Preparing 100ml of catalyst aqueous solution with 200mg/L of Rh content (the catalyst is rhodium-phosphine complex catalyst provided by Chengduxinhua source), adding the catalyst aqueous solution into a decanter, replacing nitrogen, starting a catalyst circulating pump, heating a microchannel reactor to 120 ℃ by using external heating, preheating a preheater to 100 ℃, and enabling a material flow 1 to be high-carbon olefin (the high-carbon olefin contains 70% of 1-nonene and 25% of nonane); stream 2 is hydrogen by volume: carbon monoxide 1.9:1, the molar ratio of carbon monoxide to 1-nonene is 1.05: 1, 1-nonene, mixed gas and an aqueous solution of a rhodium-phosphine catalyst are uniformly mixed in a static mixer, enter a preheater for preheating, then carry out hydroformylation reaction in a microchannel reactor, control the temperature in the reactor to be stable at 120 ℃, control the pressure of the microchannel reactor to be controlled by a backpressure valve on a chromatograph, set at 2.0MPa, cool a gas-liquid mixture containing high-carbon aldehyde and then enter a chromatograph for phase separation, condensing unreacted mixed gas through a condenser and then enter a tail gas for recovery, refluxing crude aldehyde and unreacted olefin carried by the gas into the chromatograph, standing and layering an oil-water two phase, pumping a water phase catalyst into a reaction system through a catalyst circulating pump for continuous reaction, enabling an oil phase to enter an extraction tower to be fully contacted with water for removing an auxiliary agent, removing the crude aldehyde, refining the concentrated water phase, entering a falling film evaporator for removing the water and recovering the catalyst, and adding the distilled water into an extraction tower system, the concentrated catalyst is added into the reaction system, so that the catalyst water phase can be recycled.

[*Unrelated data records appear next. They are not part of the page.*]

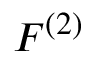Convert formula to latex. <formula><loc_0><loc_0><loc_500><loc_500>F ^ { ( 2 ) }</formula> 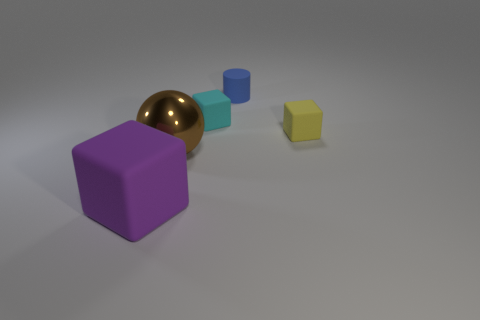Can you tell the relative sizes of these objects? Certainly, the purple cube is the largest object in the image, the golden sphere appears to be the second largest, and the cyan cube is smaller than the sphere but larger than the yellow cube, which is the smallest. 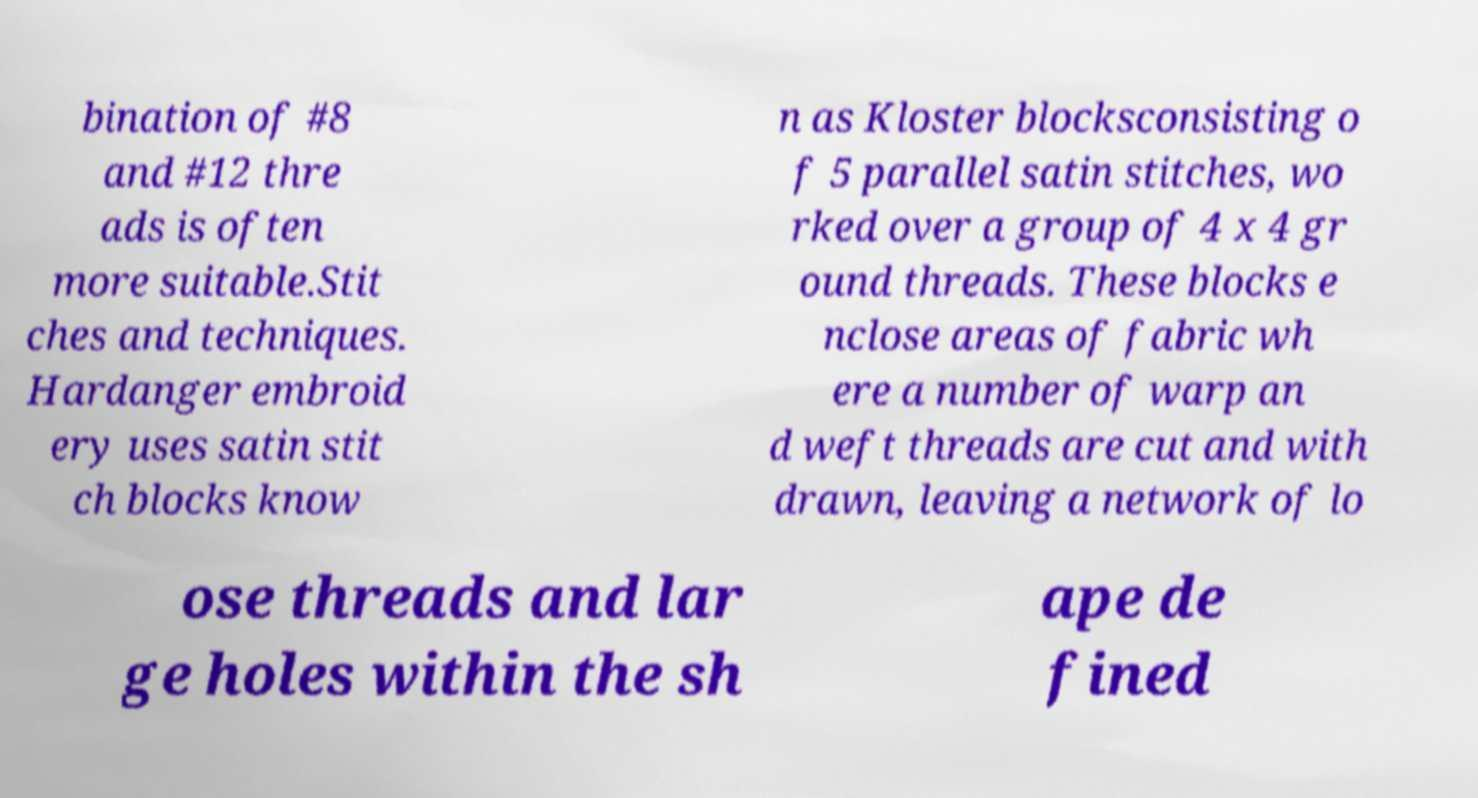Please identify and transcribe the text found in this image. bination of #8 and #12 thre ads is often more suitable.Stit ches and techniques. Hardanger embroid ery uses satin stit ch blocks know n as Kloster blocksconsisting o f 5 parallel satin stitches, wo rked over a group of 4 x 4 gr ound threads. These blocks e nclose areas of fabric wh ere a number of warp an d weft threads are cut and with drawn, leaving a network of lo ose threads and lar ge holes within the sh ape de fined

The residence time of the olefin in the microchannel reactor is controlled to be 15min, and the flow ratio of the catalyst water phase to the olefin is controlled to be 3: 1 to 5:1, the conversion of the reaction was 80% and the selectivity was 96%.

The foregoing is only a preferred embodiment of the present invention, and it should be noted that, for those skilled in the art, various modifications and decorations can be made without departing from the principle of the present invention, and these modifications and decorations should also be regarded as the protection scope of the present invention.